I checked in asm/pte-8xx.h : we still have one SW bit available
(0x0080). So I was thinking about using that bit to mark pages
CPU15_SAFE when loading them if they don't have the offending instruction.
Then, in the ITLBmiss handler, instead of always invalidating preceeding
and following pages, we would check SW bit in the PTE and invalidate
following page only if current page is not marked CPU15_SAFE, then check
the PTE of preceeding page and invalidate it only if it is not marked
CPU15_SAFE
I believe this would improve the CPU15 errata handling and would reduce
the overhead introduced by the handling of this errata.
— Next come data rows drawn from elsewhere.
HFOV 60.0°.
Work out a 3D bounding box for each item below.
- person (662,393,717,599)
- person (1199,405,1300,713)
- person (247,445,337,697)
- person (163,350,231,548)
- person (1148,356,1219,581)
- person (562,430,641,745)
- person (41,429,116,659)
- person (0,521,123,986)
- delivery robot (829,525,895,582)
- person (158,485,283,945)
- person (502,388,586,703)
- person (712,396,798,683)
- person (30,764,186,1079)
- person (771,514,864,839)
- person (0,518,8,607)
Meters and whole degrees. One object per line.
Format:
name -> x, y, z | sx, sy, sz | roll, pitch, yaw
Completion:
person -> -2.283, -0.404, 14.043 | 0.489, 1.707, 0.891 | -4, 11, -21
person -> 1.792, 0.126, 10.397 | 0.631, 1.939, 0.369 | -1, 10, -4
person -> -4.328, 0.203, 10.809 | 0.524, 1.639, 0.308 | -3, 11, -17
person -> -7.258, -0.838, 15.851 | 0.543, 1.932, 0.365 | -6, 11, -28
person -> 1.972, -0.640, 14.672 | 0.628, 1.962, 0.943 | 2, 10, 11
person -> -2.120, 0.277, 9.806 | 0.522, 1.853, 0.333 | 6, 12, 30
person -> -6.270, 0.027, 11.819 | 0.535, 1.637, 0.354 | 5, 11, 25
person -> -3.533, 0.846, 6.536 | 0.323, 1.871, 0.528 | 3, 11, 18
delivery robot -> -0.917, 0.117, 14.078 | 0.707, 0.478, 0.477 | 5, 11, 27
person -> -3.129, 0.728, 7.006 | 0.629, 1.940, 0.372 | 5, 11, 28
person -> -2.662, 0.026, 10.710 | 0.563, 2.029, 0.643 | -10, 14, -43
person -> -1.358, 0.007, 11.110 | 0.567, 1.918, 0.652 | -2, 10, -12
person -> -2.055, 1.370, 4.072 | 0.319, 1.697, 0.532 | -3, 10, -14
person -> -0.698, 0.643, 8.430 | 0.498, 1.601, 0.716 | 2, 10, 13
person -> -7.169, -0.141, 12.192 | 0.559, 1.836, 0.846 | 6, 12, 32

Do you see anything wrong with my proposal ?
Christophe
^ permalink raw reply [flat|nested] 4+ messages in thread
* Re: Feedback wished on possible improvment of CPU15 errata handling on mpc8xx
2013-08-29 17:11 Feedback wished on possible improvment of CPU15 errata handling on mpc8xx leroy christophe
@ 2013-08-29 17:57 ` Joakim Tjernlund
2013-08-29 21:04 ` leroy christophe
0 siblings, 1 reply; 4+ messages in thread
From: Joakim Tjernlund @ 2013-08-29 17:57 UTC (permalink / raw)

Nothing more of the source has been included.